═══ Listed entries ═══
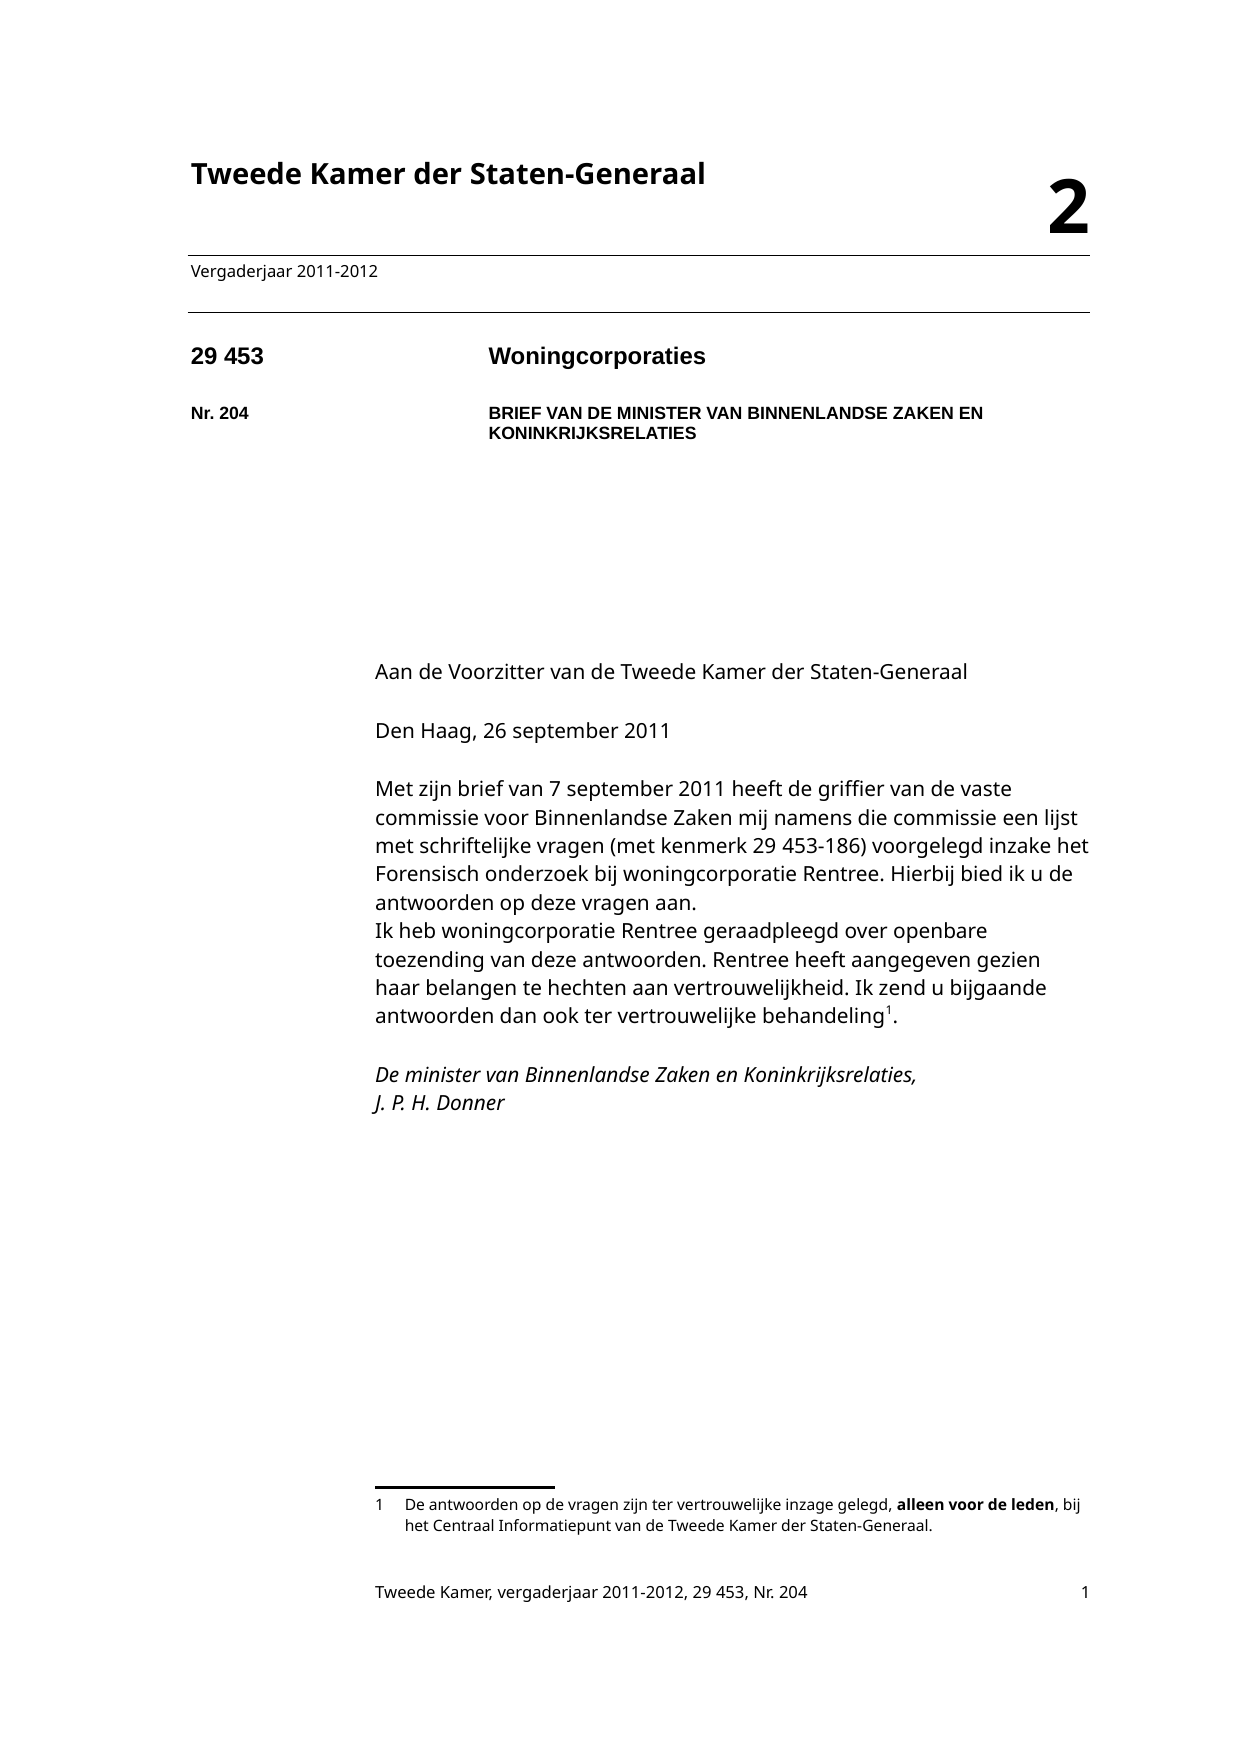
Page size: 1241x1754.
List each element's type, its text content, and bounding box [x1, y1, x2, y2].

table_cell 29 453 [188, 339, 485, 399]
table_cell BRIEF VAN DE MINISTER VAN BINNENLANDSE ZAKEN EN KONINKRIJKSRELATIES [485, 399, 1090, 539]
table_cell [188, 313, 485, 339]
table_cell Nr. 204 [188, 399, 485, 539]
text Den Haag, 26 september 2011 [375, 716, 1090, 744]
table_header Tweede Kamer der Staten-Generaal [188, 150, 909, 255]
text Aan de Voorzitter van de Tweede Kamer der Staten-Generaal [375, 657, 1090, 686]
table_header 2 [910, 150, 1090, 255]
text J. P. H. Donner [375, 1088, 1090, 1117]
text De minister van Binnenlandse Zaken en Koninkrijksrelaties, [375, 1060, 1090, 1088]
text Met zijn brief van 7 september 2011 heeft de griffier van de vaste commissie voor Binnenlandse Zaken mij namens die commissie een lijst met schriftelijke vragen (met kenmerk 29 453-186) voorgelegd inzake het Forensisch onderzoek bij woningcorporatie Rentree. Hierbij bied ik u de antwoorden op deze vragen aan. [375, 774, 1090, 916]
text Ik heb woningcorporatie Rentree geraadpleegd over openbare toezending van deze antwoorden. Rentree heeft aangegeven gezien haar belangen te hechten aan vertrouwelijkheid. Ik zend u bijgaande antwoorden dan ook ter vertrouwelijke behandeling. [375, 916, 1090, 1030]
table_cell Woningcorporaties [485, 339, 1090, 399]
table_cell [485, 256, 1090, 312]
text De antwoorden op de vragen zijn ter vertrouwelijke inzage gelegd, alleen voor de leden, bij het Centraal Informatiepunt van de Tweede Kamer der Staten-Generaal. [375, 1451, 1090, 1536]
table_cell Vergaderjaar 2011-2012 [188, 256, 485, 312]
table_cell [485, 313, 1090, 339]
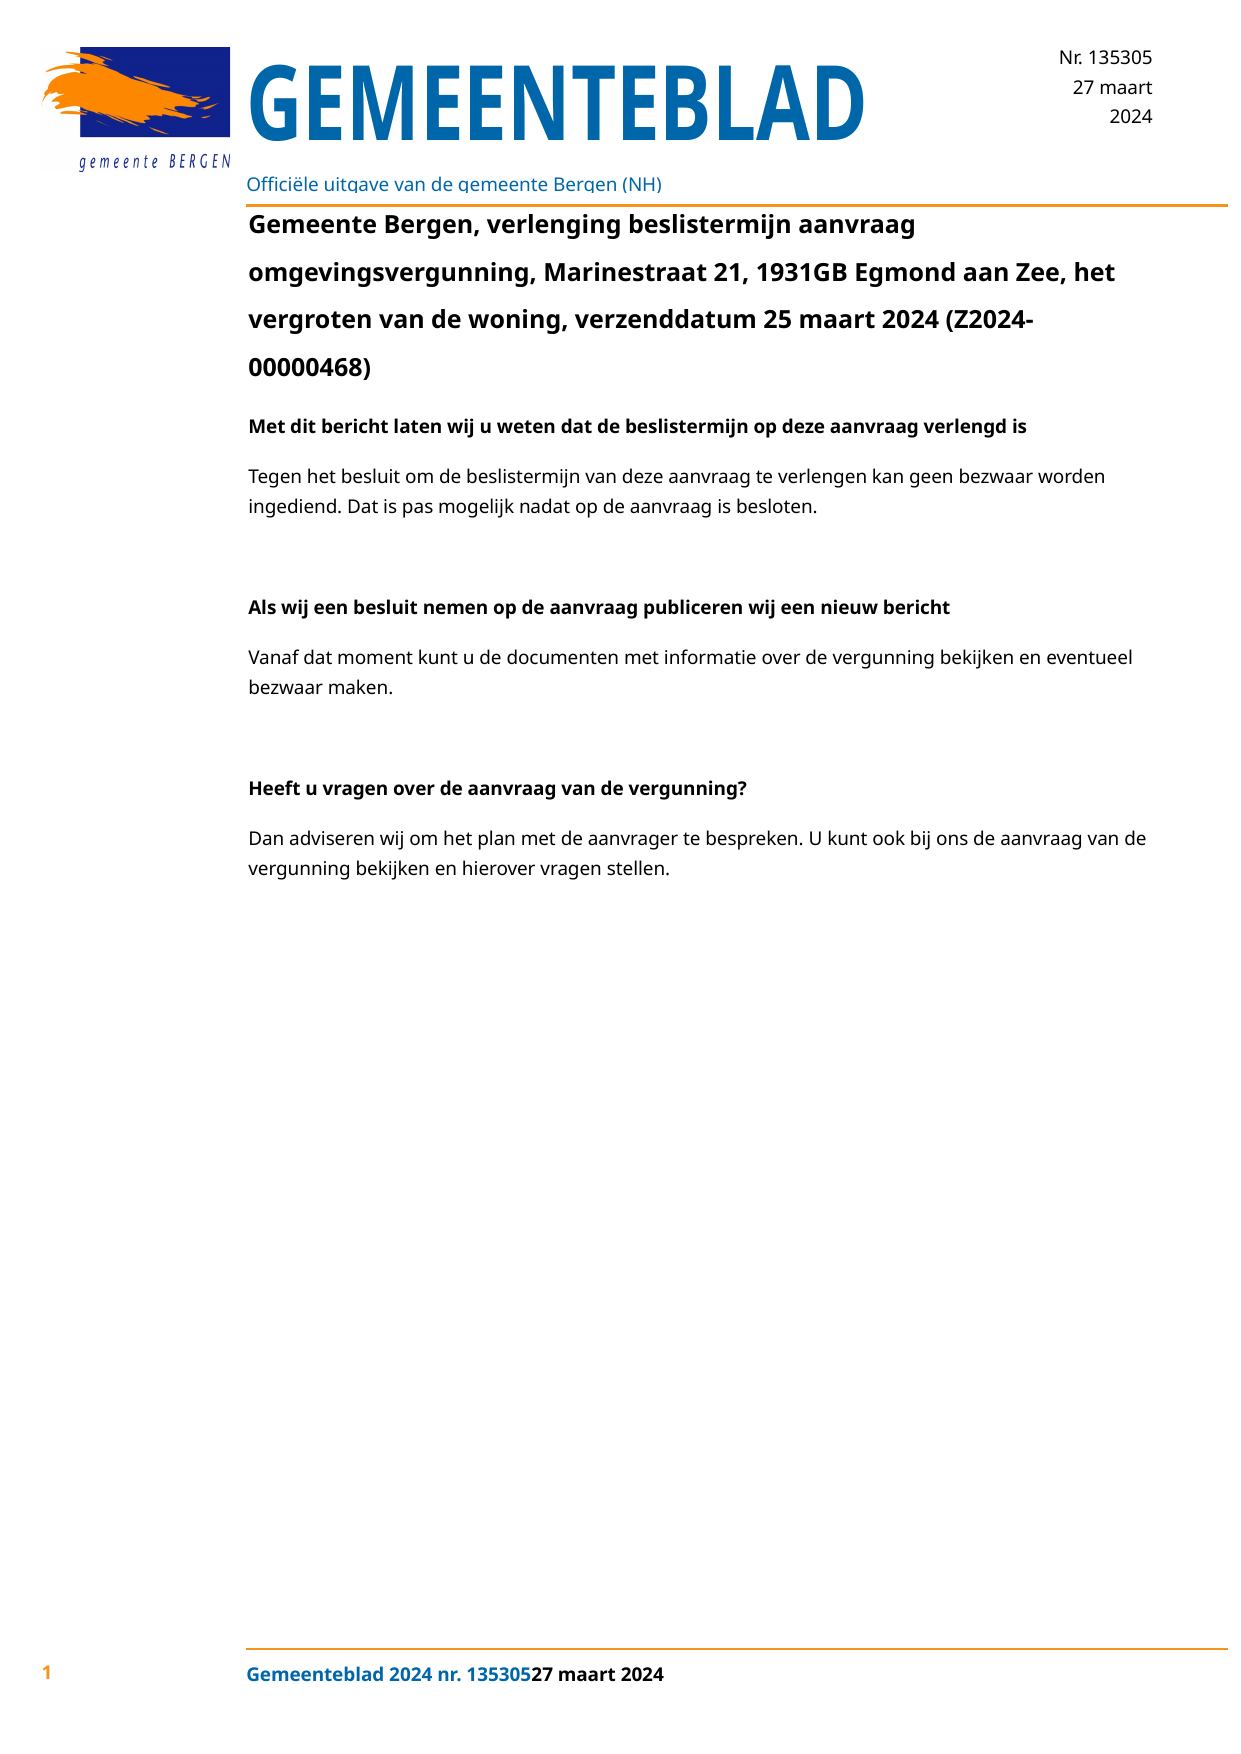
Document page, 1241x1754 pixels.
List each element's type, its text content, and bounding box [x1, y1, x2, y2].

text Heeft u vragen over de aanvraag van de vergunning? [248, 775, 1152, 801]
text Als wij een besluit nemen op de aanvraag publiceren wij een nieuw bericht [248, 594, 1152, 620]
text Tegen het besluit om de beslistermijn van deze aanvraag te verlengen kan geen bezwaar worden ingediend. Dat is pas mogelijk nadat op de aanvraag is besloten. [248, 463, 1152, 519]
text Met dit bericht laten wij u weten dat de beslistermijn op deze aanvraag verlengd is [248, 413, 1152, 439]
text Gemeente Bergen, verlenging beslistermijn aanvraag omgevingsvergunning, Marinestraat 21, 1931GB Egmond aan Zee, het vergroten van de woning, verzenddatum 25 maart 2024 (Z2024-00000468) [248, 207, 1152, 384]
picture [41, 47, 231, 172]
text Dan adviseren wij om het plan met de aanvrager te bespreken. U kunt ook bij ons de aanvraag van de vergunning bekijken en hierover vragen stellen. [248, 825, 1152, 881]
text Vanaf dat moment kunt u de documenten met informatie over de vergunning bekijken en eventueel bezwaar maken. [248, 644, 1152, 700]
═══
● **Work to be completed**: Those lines of the records above that run from the one containing "table_cell Woningcorporaties [485, 339, 1090, 399]" through the one containing "text Tegen het" should be returned exactly, with no pictures among them.

● **Solution for this exercise**:
table_cell Woningcorporaties [485, 339, 1090, 399]
table_cell [485, 256, 1090, 312]
text De antwoorden op de vragen zijn ter vertrouwelijke inzage gelegd, alleen voor de leden, bij het Centraal Informatiepunt van de Tweede Kamer der Staten-Generaal. [375, 1451, 1090, 1536]
table_cell Vergaderjaar 2011-2012 [188, 256, 485, 312]
table_cell [485, 313, 1090, 339]
Document page, 1241x1754 pixels.
List each element's type, its text content, and bounding box [x1, y1, x2, y2].

text Heeft u vragen over de aanvraag van de vergunning? [248, 775, 1152, 801]
text Als wij een besluit nemen op de aanvraag publiceren wij een nieuw bericht [248, 594, 1152, 620]
text Tegen het besluit om de beslistermijn van deze aanvraag te verlengen kan geen bezwaar worden ingediend. Dat is pas mogelijk nadat op de aanvraag is besloten. [248, 463, 1152, 519]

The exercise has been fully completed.